_Records to use_:

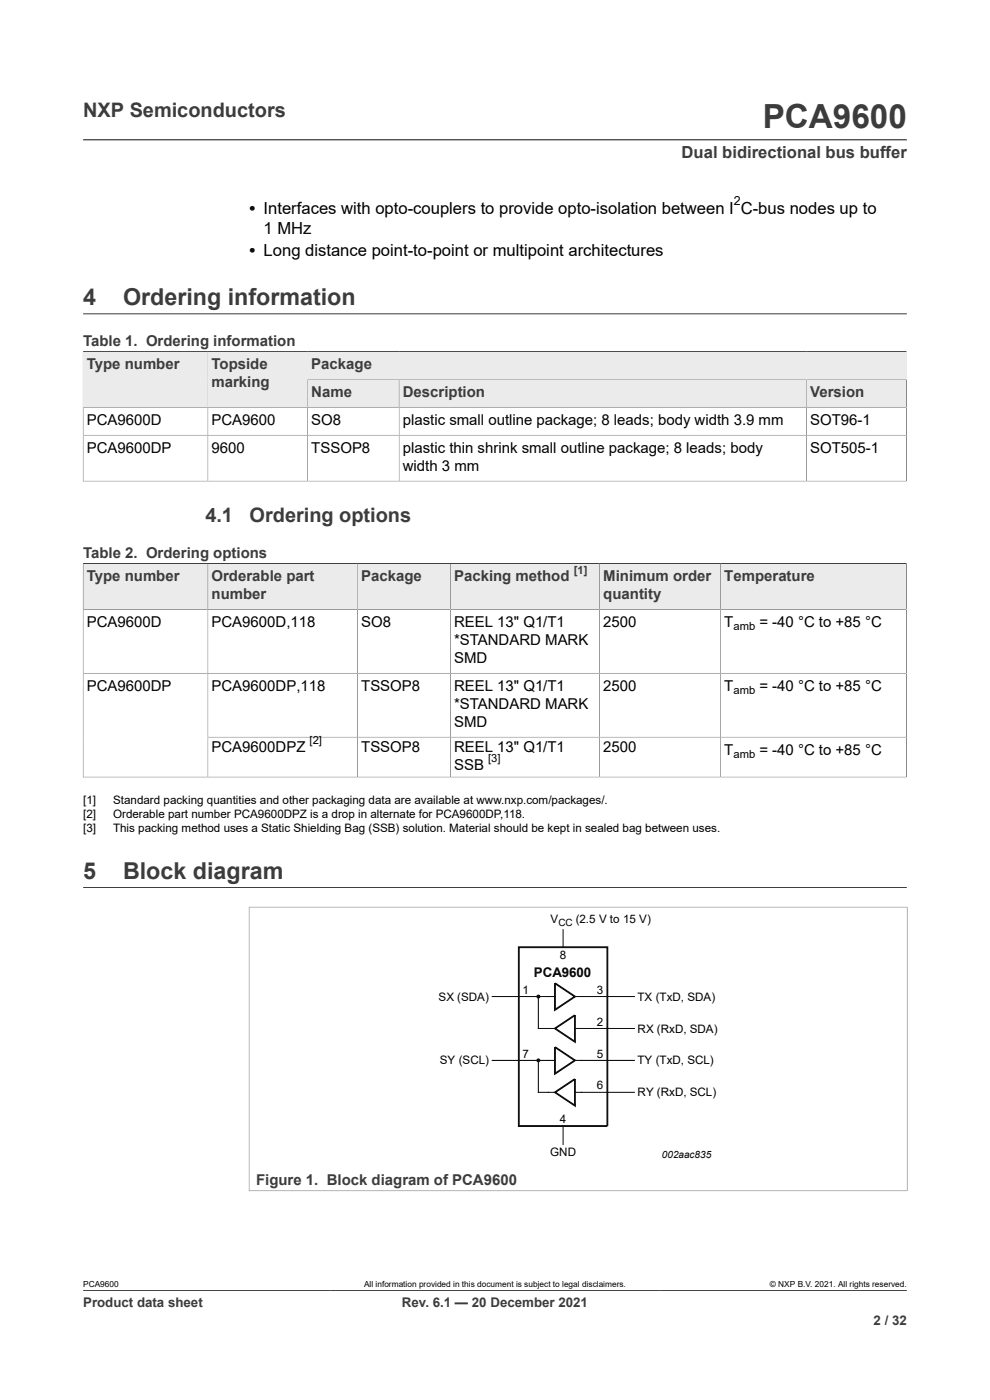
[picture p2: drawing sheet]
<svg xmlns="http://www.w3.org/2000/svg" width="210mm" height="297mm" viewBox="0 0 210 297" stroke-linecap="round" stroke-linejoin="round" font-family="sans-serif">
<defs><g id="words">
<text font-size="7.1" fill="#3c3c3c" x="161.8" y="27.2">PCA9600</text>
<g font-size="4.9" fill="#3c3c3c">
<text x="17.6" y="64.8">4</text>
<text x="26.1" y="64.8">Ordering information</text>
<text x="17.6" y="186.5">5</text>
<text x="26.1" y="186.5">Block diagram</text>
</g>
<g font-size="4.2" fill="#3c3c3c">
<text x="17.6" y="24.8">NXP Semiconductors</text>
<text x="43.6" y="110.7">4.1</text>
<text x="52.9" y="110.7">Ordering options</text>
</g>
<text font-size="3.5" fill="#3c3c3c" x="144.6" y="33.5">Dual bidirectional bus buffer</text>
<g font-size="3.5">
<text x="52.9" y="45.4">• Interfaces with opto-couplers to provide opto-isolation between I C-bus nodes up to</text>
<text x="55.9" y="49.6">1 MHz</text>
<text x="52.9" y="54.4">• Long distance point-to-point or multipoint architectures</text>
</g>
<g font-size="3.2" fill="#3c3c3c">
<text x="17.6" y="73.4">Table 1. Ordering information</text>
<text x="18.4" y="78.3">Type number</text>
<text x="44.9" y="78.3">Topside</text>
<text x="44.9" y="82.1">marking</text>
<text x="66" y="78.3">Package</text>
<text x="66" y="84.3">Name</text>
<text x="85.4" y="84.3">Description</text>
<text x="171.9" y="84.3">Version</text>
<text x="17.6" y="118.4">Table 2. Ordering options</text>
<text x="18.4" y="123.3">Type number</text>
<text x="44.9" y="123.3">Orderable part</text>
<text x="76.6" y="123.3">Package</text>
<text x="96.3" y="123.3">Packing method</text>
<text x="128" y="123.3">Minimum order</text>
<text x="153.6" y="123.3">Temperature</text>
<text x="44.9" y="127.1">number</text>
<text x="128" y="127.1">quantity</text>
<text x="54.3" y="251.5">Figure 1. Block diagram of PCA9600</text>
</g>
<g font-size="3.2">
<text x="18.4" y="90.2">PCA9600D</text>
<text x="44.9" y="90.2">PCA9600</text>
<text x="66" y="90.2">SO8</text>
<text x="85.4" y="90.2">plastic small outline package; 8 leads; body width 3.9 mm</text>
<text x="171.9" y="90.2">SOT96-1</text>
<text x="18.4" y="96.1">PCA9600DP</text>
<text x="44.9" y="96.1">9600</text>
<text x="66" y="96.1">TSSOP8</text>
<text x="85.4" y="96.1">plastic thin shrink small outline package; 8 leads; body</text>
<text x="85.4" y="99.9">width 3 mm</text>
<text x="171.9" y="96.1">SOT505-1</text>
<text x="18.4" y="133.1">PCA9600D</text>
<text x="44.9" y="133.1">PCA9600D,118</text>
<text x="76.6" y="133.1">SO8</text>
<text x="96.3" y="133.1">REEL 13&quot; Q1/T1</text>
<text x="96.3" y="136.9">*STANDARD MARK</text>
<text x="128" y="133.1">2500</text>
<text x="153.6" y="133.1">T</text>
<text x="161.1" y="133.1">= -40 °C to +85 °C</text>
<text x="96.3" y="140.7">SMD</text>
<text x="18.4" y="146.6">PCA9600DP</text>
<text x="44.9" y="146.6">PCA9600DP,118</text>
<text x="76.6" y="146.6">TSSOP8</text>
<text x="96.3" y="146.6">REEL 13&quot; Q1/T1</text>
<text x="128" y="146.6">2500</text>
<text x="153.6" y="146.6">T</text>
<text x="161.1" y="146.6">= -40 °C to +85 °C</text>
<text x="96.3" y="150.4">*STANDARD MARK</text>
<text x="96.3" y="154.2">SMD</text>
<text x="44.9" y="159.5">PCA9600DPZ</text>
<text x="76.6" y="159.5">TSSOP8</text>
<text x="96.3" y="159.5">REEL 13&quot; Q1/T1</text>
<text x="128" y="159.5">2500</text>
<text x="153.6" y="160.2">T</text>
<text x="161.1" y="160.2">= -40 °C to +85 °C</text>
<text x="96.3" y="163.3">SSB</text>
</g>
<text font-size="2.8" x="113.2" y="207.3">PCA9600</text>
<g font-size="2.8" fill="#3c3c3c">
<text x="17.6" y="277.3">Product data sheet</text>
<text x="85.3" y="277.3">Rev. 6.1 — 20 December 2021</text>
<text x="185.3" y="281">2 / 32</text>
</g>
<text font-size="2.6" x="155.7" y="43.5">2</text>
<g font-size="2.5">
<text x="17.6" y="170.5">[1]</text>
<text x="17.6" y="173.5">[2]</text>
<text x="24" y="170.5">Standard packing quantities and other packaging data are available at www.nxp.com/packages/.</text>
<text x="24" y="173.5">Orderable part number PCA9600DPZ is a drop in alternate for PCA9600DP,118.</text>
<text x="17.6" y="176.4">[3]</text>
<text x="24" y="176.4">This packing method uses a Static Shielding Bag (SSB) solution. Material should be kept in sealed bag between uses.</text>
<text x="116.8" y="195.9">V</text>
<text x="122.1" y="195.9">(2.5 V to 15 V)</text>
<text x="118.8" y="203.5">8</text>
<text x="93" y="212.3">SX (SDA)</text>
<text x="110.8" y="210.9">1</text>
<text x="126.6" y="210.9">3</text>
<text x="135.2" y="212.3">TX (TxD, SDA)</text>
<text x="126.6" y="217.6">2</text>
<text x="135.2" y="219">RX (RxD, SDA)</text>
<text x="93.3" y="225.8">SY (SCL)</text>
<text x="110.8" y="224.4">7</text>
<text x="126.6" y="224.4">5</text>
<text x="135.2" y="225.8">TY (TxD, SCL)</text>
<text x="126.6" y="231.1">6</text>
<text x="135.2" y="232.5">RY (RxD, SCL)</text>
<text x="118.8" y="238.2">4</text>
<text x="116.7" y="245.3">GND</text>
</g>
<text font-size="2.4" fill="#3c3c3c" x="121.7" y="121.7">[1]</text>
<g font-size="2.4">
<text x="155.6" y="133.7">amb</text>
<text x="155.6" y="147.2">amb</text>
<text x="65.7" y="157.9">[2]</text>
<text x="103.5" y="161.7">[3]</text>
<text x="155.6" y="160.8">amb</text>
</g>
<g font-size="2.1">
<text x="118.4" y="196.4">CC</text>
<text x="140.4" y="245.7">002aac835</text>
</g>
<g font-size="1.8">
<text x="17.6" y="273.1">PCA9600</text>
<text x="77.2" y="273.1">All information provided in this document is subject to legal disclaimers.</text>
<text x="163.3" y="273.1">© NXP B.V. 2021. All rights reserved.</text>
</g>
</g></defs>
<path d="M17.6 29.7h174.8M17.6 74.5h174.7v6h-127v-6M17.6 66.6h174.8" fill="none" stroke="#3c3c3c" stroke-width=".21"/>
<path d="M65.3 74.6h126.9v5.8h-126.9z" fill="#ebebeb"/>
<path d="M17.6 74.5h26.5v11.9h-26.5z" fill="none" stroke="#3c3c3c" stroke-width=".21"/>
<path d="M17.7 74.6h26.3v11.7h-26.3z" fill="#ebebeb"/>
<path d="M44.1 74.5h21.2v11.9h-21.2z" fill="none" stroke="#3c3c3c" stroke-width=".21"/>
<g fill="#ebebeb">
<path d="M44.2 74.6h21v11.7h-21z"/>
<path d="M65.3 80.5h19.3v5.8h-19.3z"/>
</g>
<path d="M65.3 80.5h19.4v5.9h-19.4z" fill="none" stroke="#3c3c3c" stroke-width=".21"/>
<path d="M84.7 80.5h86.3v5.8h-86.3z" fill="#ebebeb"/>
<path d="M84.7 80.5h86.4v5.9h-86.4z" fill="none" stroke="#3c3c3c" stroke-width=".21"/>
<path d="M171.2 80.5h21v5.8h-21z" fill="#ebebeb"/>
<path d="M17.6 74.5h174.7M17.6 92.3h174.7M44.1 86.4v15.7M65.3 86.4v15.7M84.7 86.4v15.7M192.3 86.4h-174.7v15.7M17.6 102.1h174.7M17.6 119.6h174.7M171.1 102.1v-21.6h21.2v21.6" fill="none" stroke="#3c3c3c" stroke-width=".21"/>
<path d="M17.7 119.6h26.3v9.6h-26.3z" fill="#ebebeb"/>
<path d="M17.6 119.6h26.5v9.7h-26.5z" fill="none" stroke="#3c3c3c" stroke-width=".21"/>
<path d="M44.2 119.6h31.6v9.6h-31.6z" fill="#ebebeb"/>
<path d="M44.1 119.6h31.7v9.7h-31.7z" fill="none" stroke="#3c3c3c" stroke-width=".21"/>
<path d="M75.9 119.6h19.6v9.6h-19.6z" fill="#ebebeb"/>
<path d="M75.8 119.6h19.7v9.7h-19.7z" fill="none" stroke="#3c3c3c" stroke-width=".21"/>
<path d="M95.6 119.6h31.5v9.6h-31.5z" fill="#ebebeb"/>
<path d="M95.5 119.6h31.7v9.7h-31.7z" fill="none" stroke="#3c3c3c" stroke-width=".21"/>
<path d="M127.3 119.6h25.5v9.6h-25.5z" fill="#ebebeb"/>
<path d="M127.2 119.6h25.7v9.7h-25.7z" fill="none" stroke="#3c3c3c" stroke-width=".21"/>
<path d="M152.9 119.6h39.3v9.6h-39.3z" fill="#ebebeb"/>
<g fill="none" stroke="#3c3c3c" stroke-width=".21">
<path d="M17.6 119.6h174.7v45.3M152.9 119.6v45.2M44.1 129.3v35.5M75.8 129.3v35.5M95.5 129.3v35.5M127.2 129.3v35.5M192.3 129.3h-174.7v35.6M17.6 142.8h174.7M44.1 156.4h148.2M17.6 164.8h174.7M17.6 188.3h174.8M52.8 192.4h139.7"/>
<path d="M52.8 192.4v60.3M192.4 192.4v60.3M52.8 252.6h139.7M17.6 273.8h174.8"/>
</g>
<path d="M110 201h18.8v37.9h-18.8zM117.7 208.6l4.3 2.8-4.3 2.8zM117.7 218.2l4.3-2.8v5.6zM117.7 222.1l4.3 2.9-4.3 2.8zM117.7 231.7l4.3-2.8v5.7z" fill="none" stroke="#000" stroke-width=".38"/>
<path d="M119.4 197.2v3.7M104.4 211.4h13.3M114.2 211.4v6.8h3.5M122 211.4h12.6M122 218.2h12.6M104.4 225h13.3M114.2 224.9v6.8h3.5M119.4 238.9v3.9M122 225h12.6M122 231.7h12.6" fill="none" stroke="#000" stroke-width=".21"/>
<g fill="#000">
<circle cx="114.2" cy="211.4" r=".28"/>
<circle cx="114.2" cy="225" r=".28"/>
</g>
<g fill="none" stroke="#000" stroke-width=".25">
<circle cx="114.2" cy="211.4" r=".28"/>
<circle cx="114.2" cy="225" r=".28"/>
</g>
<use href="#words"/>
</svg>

_Work request_:
All lines above holding the word "data" make up the answer; copy each one.

_Result for this exercise_:
<text x="17.6" y="277.3">Product data sheet</text>
<text x="24" y="170.5">Standard packing quantities and other packaging data are available at www.nxp.com/packages/.</text>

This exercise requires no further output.